General characteristics
- Class & type: LST-542-class tank landing ship
- Displacement: 1,625 long tons (1,651 t) light; 4,080 long tons (4,145 t) full (seagoing draft with 1,675-ton load;
- Length: 328 ft (100 m)
- Beam: 50 ft (15 m)
- Draft: Unloaded 2 ft 4 in (0.71 m) forward; 7 ft 6 in (2.29 m) aft; Full load: 8 ft 2 in (2.49 m) forward; 14 ft 1 in (4.29 m) aft; Landing with 500-ton load: 3 ft 11 in (1.19 m) forward; 9 ft 10 in (3.00 m) aft;
- Installed power: 1,800 horsepower (1.34 megawatts)
- Propulsion: Two 900-horsepower (0.67-megawatt) General Motors 12-567 diesel engines, two shafts, twin rudders
- Speed: 12 knots (22 km/h; 14 mph)
- Range: 24,000 nautical miles (44,448 kilometerss) at 9 knots while displacing 3,960 tons
- Boats & landing craft carried: 6 x LCVPs in U.S. service; 4 x LCVPs in Republic of China service
- Capacity: 1,600-1,900 tons cargo depending on mission
- Troops: 14 officers, 131 enlisted men
- Complement: 9 officers, 120 enlisted men
- Armament: 2 × twin 40 mm gun mounts; 4 × single 40-millimeter gun mounts; 12 × 20 mm guns;

= USS LST-557 =

LST-542-class tank landing ship of the United States Navy

USS LST-557 was a United States Navy in commission from 1944 to 1946.

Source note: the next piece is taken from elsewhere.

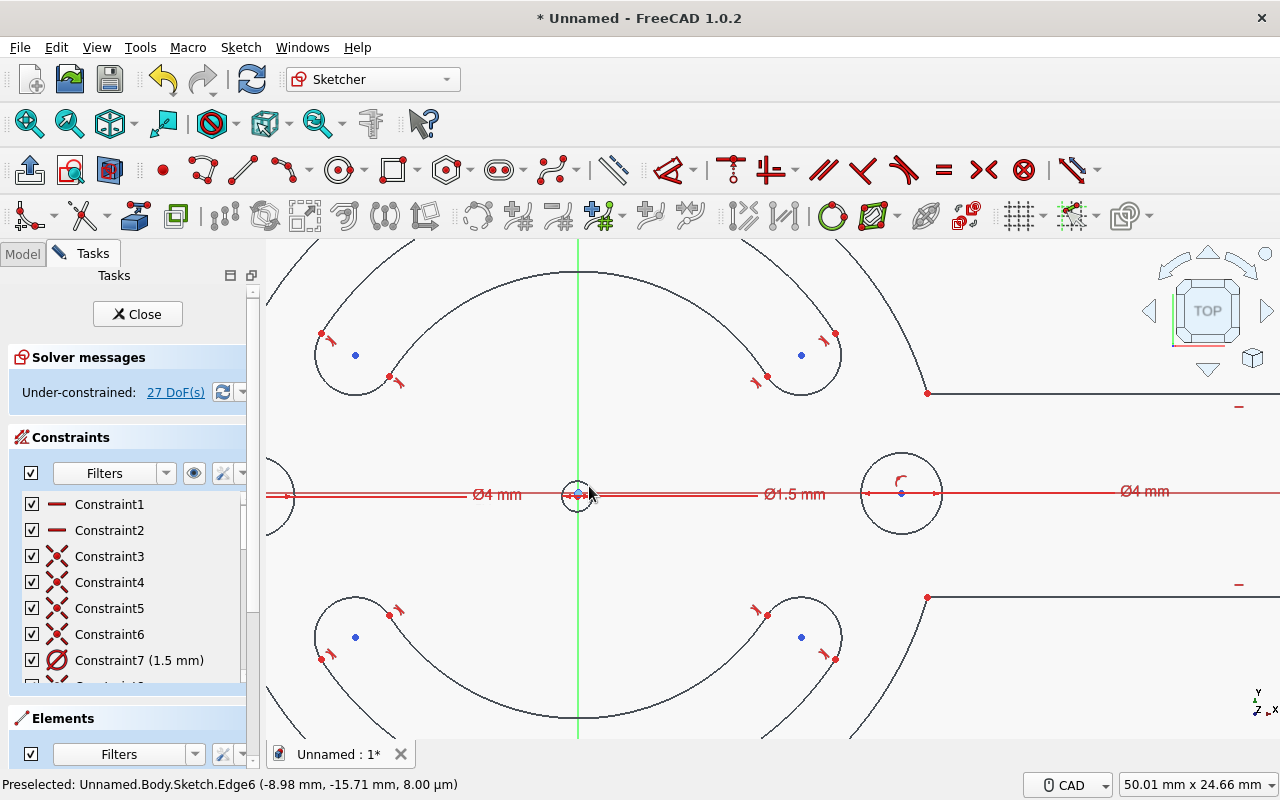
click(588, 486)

==Construction and career==
LST-557 was laid down on 8 February 1944 at Evansville, Indiana, by the Missouri Valley Bridge and Iron Company. She was launched on 11 April 1944, sponsored by Mrs. Edward J. Baechle, and commissioned on 5 May 1944.

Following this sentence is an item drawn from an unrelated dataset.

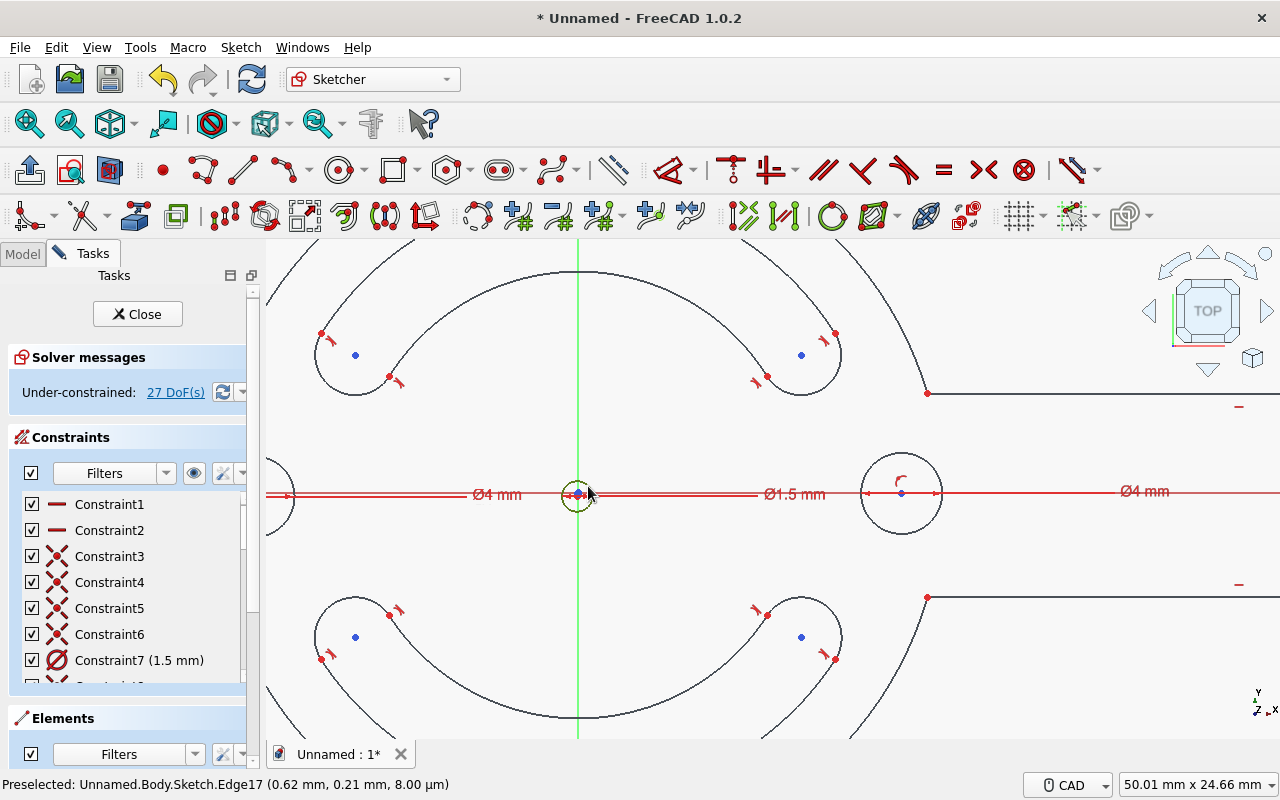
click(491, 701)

===Service in the United States Navy===
During World War II, LST-557 was assigned to the Pacific Theater of Operations. She participated in the capture and occupation of the southern Palau Islands in September and October 1944. She then took part in the Philippines campaign, participating in the Leyte landings in October and November 1944 and the invasion of Lingayen Gulf in January 1945. She then participated in the assault on and occupation of Okinawa Gunto in April 1945.

Following the war, LST-557 performed occupation duty in the Far East and saw service in China until late May 1946.

LST-557 was decommissioned and transferred to the Republic of China as lend-lease on 29 May 1946. She was stricken from the Navy List on 12 March 1948.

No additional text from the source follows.